Although pictures appear in the data, the answer should contain only the lines from its start through the line with "- cheese (342,126,442,371)", written out exactly.

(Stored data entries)
<<<<

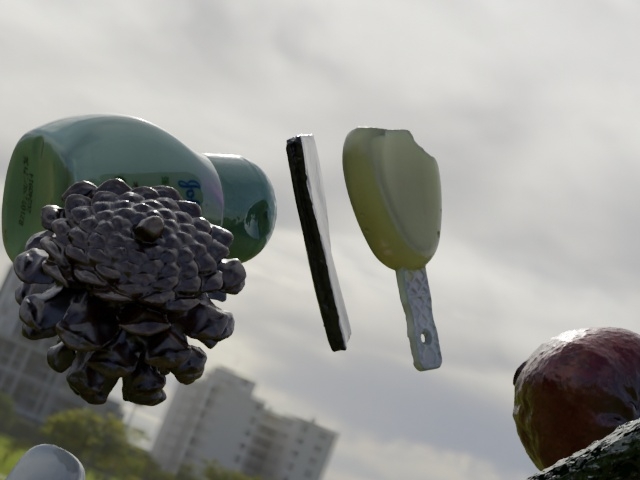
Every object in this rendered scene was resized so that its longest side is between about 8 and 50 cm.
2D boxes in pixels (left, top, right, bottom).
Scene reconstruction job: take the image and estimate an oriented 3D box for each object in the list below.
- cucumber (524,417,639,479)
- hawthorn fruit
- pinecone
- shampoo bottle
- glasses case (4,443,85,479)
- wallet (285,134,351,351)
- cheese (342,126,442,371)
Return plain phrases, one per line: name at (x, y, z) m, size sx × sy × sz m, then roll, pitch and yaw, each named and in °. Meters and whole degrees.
cucumber at (0.239, 0.195, 1.083) m, size 0.067 × 0.067 × 0.293 m, roll 28°, pitch -47°, yaw -26°
hawthorn fruit at (0.346, 0.219, 1.696) m, size 0.230 × 0.210 × 0.266 m, roll 58°, pitch -8°, yaw -10°
pinecone at (-0.168, 0.053, 1.133) m, size 0.208 × 0.208 × 0.208 m, roll 21°, pitch -12°, yaw 5°
shampoo bottle at (-0.205, -0.040, 1.602) m, size 0.349 × 0.222 × 0.151 m, roll 1°, pitch 9°, yaw -44°
glasses case at (-0.261, 0.252, 1.117) m, size 0.063 × 0.164 × 0.041 m, roll 21°, pitch -19°, yaw 21°
wallet at (-0.001, 0.000, 1.483) m, size 0.025 × 0.244 × 0.124 m, roll -12°, pitch 4°, yaw 8°
cheese at (0.090, 0.008, 1.349) m, size 0.050 × 0.255 × 0.127 m, roll -15°, pitch -7°, yaw 41°

>>>>

- [WORKED SOLUTION]
Every object in this rendered scene was resized so that its longest side is between about 8 and 50 cm.
2D boxes in pixels (left, top, right, bottom).
Scene reconstruction job: take the image and estimate an oriented 3D box for each object in the list below.
- cucumber (524,417,639,479)
- hawthorn fruit
- pinecone
- shampoo bottle
- glasses case (4,443,85,479)
- wallet (285,134,351,351)
- cheese (342,126,442,371)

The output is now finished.